**WHAT YOU ARE ASKED TO DO:** In the entries, find all lines that hold the word "Camera" and copy them.

______

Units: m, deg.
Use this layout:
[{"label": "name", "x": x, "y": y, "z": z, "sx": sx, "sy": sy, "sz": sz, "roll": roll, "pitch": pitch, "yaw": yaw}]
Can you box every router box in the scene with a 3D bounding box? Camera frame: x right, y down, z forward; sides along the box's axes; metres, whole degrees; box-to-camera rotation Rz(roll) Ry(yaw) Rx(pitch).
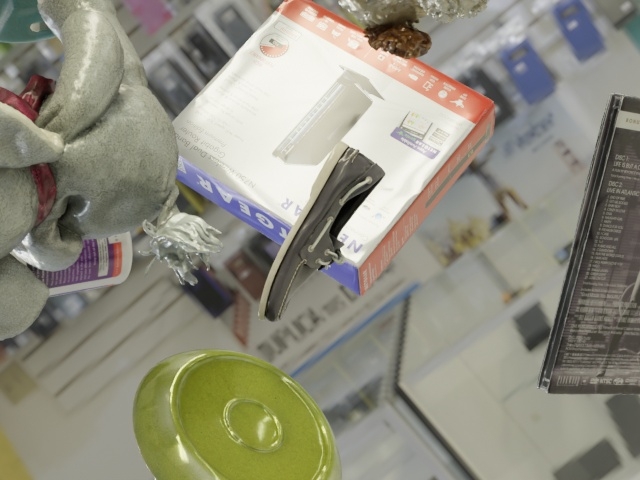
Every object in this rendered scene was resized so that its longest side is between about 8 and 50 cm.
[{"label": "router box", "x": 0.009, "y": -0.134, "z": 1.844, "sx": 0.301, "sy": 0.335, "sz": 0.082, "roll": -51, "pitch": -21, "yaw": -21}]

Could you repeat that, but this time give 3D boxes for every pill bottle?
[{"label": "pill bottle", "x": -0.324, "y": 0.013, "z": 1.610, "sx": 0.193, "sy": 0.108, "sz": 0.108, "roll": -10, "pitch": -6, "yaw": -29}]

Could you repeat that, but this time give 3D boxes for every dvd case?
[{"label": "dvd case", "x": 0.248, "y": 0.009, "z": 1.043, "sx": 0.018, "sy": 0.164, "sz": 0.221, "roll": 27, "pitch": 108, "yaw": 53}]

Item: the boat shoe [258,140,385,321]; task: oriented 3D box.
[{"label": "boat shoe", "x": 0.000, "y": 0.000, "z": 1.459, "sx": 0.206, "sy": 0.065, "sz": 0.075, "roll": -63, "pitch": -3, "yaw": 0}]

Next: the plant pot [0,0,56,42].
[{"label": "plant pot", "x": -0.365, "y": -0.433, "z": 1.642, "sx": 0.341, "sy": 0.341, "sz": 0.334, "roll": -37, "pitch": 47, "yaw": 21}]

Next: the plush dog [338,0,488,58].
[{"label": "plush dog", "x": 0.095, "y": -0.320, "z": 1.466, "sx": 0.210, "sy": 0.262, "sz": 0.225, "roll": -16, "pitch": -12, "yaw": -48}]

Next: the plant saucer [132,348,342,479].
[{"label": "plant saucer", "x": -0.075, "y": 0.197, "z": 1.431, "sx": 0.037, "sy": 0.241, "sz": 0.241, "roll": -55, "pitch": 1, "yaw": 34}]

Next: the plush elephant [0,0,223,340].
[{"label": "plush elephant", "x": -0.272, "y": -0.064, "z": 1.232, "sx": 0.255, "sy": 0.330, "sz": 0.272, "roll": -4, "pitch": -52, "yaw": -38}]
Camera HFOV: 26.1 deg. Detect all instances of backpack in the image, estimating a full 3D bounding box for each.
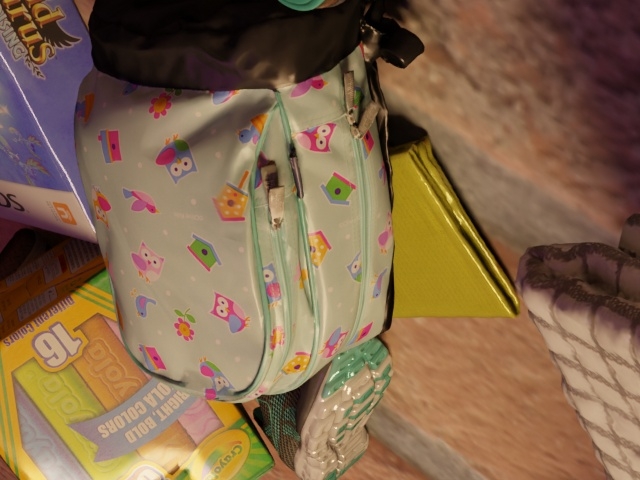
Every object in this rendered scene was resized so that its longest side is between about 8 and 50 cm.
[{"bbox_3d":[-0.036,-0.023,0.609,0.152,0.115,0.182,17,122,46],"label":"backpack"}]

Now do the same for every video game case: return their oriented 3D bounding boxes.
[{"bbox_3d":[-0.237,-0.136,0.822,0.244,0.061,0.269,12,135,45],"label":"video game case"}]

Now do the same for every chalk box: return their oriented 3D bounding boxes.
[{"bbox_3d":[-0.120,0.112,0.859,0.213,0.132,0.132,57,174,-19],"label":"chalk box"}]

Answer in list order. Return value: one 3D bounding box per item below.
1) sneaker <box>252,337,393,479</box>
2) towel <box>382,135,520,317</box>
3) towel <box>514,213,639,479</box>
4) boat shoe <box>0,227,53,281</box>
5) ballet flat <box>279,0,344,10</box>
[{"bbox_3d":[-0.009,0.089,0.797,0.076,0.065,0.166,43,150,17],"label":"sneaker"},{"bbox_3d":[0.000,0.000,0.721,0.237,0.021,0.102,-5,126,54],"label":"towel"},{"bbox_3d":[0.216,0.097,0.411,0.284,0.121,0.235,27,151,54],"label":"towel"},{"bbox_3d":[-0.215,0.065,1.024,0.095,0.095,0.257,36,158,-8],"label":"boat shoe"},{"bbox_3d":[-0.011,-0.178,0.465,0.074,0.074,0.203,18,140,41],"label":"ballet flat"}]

______

**SOLUTION TO THE PROBLEM:**
Can you box every router box in the scene with a 3D bounding box? Camera frame: x right, y down, z forward; sides along the box's axes; metres, whole degrees; box-to-camera rotation Rz(roll) Ry(yaw) Rx(pitch).
Camera HFOV: 26.1 deg. Detect all instances of backpack in the image, estimating a full 3D bounding box for each.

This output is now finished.